*** Opening of Recorded information ***

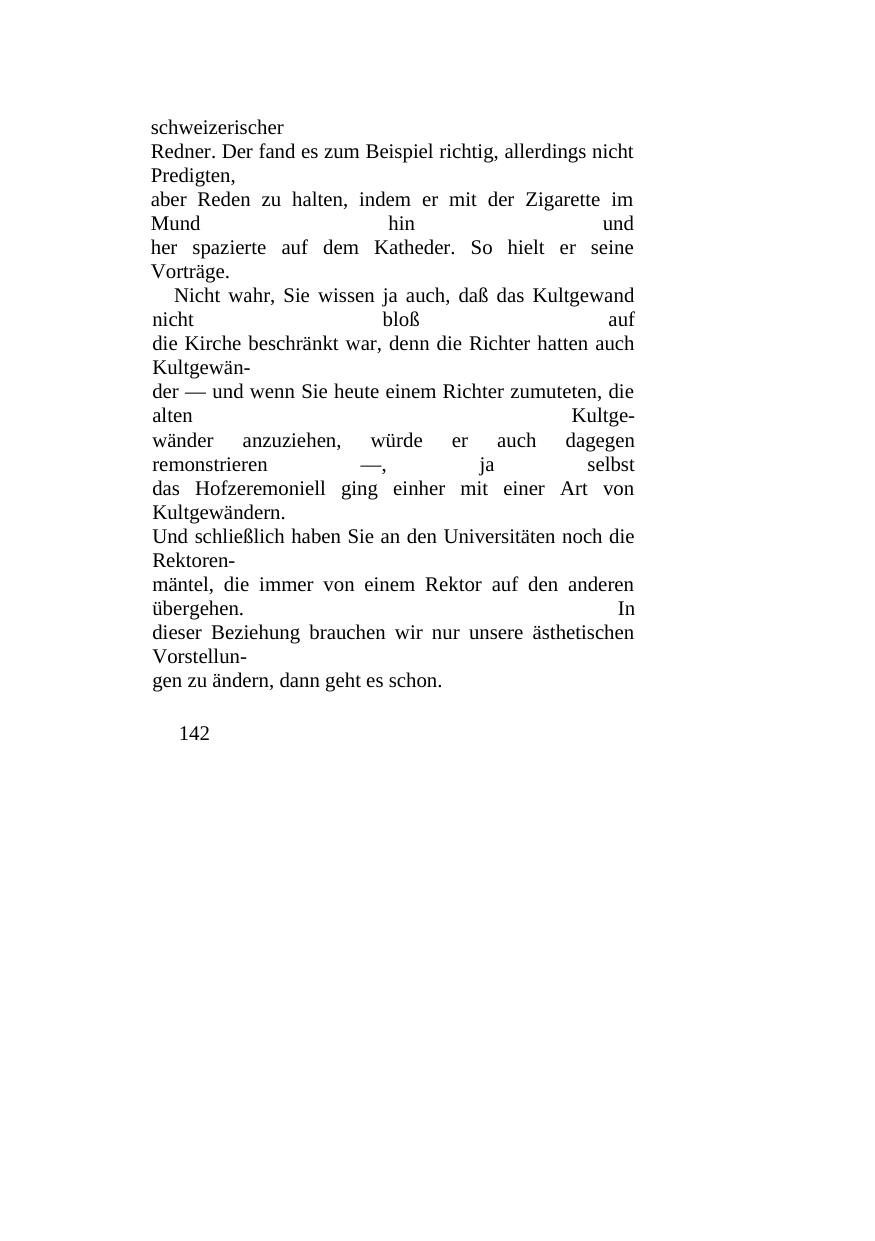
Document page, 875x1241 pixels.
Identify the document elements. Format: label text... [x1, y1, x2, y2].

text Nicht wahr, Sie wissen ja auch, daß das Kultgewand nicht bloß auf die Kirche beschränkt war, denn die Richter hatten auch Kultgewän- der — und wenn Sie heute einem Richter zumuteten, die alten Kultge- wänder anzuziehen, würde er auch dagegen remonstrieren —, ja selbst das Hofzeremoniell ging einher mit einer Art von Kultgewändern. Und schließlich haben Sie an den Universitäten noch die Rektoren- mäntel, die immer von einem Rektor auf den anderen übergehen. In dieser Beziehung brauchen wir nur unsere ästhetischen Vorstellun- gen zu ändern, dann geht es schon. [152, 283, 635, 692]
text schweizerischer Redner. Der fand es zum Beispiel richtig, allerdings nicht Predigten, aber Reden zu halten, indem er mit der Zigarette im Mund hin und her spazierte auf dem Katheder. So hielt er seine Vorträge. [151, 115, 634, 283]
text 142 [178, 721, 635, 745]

*** Close of Recorded information ***
*** Opening of Recorded information ***

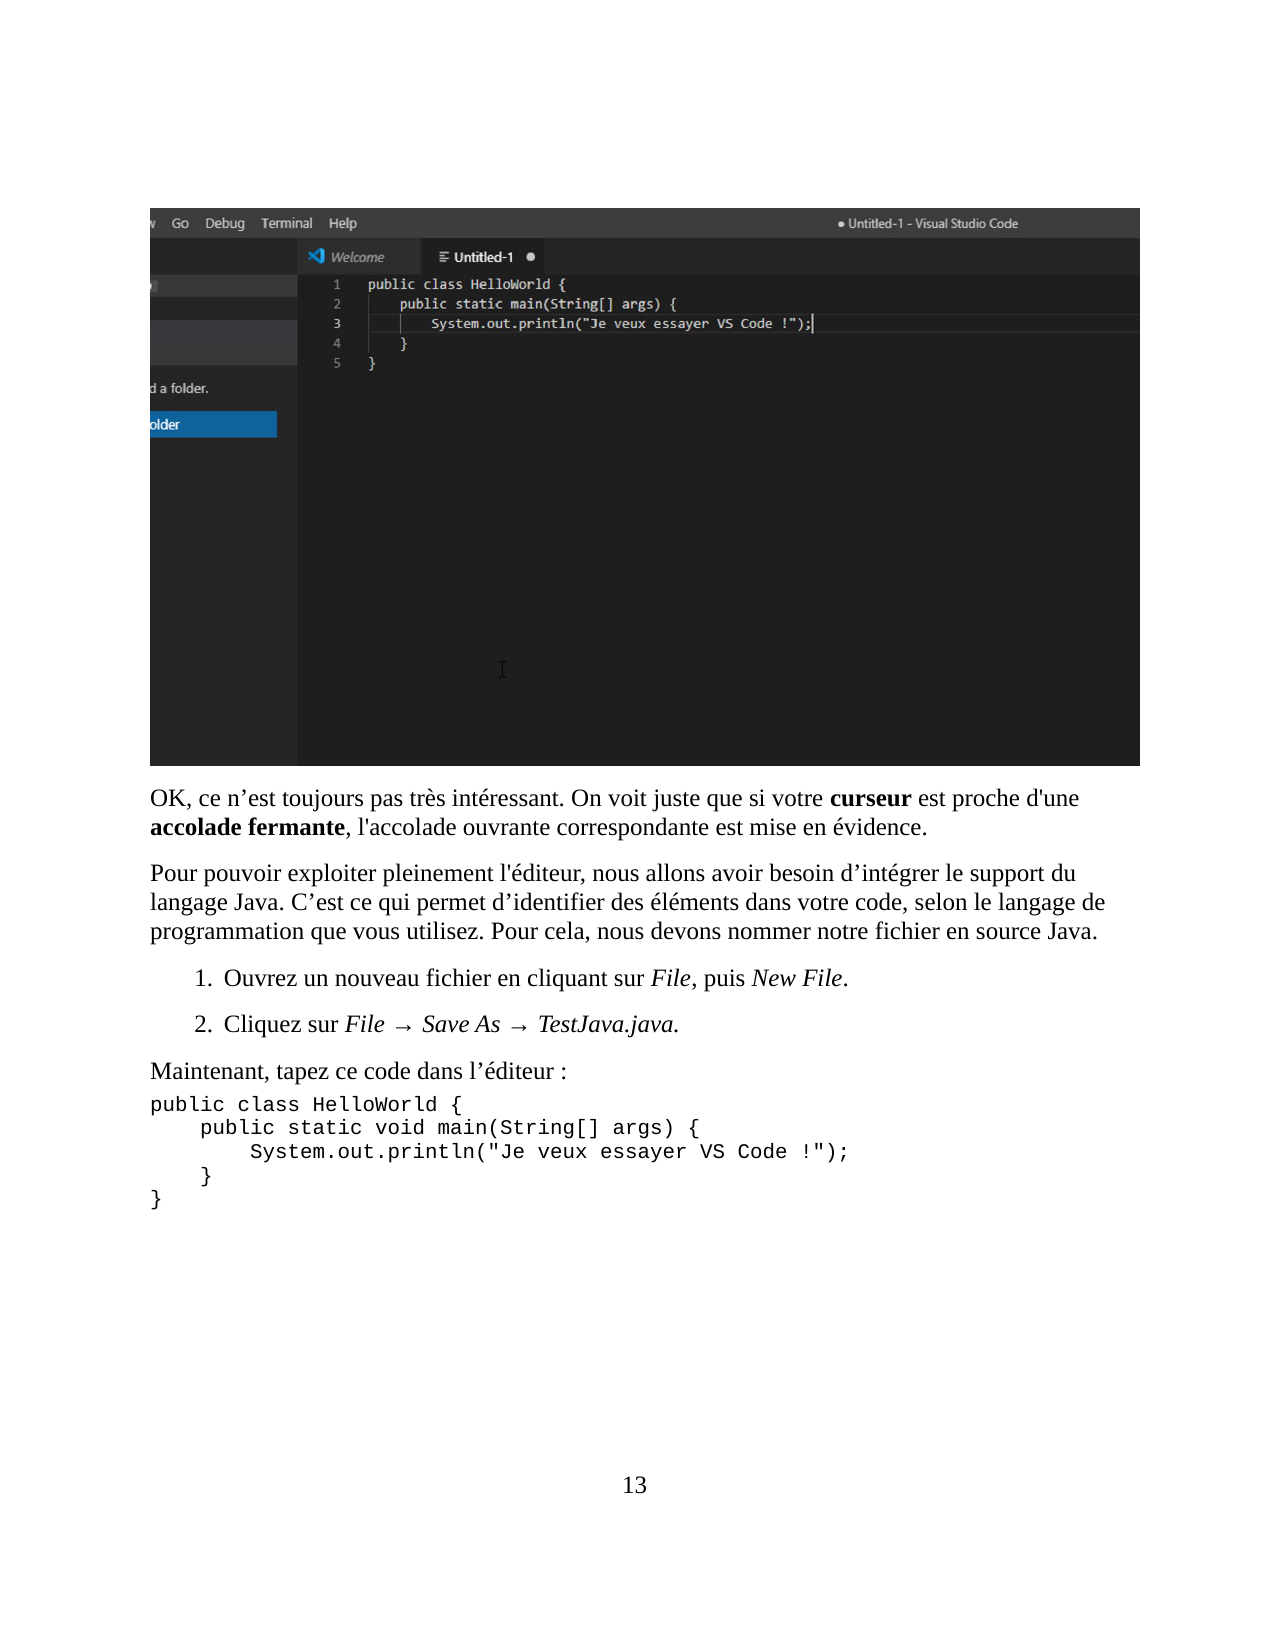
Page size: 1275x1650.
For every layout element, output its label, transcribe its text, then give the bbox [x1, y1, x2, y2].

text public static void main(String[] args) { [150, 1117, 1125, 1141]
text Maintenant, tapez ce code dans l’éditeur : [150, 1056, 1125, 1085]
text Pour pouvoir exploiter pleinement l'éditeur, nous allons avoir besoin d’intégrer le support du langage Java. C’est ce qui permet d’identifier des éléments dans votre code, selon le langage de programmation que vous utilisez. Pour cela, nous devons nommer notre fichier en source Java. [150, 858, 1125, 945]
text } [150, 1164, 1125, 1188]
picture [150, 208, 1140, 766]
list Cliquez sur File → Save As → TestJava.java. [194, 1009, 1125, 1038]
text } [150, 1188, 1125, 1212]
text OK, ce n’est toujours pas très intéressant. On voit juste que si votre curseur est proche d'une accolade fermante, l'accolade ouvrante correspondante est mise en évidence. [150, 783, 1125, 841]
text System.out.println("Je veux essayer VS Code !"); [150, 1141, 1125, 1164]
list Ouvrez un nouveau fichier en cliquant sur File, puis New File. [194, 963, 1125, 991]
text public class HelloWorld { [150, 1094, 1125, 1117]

*** Close of Recorded information ***
*** Opening of Recorded information ***

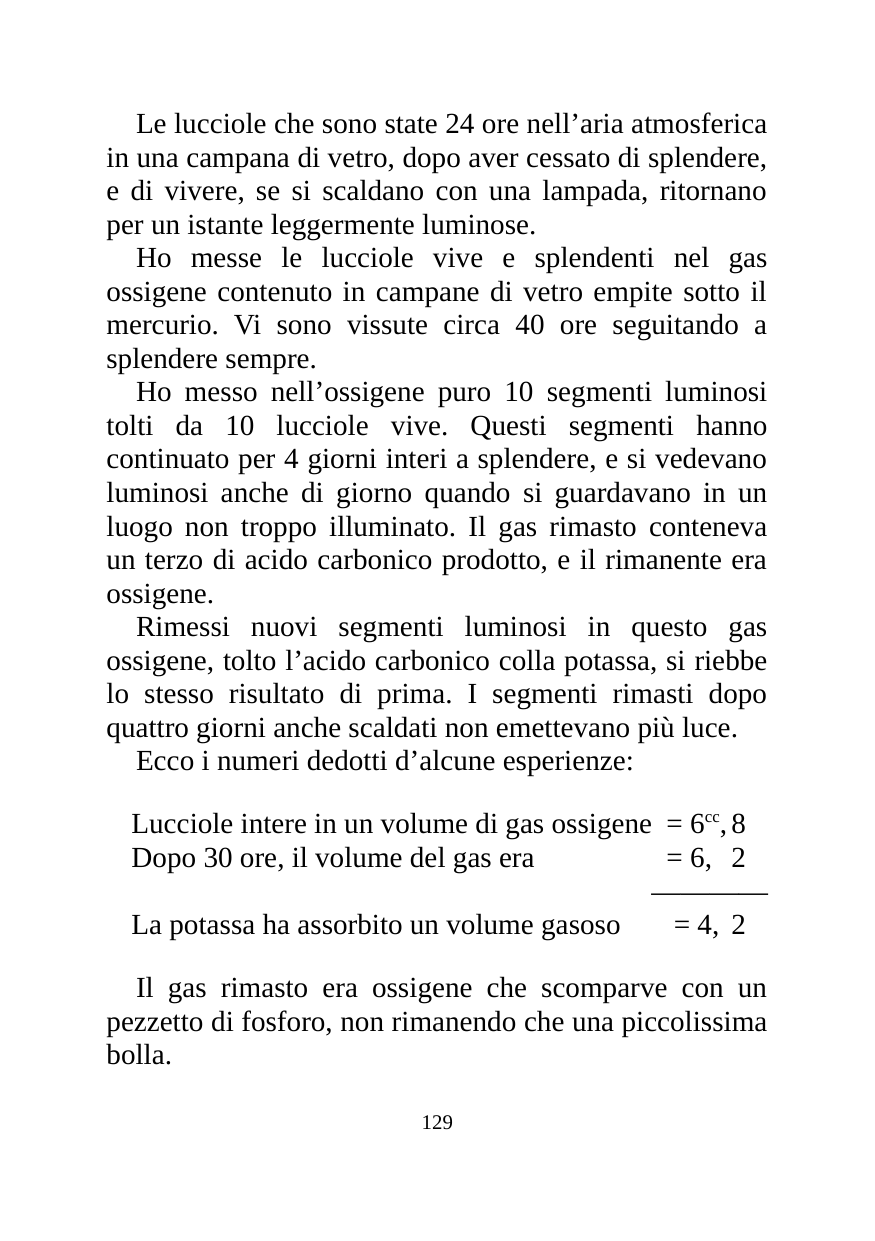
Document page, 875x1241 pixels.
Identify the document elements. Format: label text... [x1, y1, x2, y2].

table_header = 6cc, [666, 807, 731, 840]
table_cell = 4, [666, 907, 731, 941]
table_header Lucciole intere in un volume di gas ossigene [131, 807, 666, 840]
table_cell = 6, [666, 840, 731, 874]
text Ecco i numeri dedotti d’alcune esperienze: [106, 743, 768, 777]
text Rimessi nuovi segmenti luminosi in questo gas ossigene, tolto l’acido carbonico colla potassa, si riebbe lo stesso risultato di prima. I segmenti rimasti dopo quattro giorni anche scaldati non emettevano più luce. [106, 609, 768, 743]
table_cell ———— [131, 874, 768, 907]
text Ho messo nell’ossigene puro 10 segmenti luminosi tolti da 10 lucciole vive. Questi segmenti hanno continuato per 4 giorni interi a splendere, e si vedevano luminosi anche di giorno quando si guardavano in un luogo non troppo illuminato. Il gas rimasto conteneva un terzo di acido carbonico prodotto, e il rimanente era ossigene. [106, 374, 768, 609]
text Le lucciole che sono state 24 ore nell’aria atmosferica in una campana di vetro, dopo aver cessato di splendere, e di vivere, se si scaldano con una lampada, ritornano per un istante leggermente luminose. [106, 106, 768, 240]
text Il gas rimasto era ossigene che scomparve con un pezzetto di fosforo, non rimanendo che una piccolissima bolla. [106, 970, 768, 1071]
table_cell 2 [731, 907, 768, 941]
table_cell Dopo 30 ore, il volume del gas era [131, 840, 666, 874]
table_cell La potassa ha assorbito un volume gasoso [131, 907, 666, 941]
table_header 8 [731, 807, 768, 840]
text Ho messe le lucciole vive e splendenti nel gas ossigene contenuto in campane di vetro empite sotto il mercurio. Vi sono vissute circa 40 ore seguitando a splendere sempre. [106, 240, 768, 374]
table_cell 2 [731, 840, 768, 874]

*** Close of Recorded information ***

— Task item —
From the data above, reproduce word for word the lines running from the line with "picture [150, 208, 1140, 766]" to the line with "1141, 1125, 1164]", ends included.

— Task output —
picture [150, 208, 1140, 766]
list Cliquez sur File → Save As → TestJava.java. [194, 1009, 1125, 1038]
text } [150, 1188, 1125, 1212]
text OK, ce n’est toujours pas très intéressant. On voit juste que si votre curseur est proche d'une accolade fermante, l'accolade ouvrante correspondante est mise en évidence. [150, 783, 1125, 841]
text System.out.println("Je veux essayer VS Code !"); [150, 1141, 1125, 1164]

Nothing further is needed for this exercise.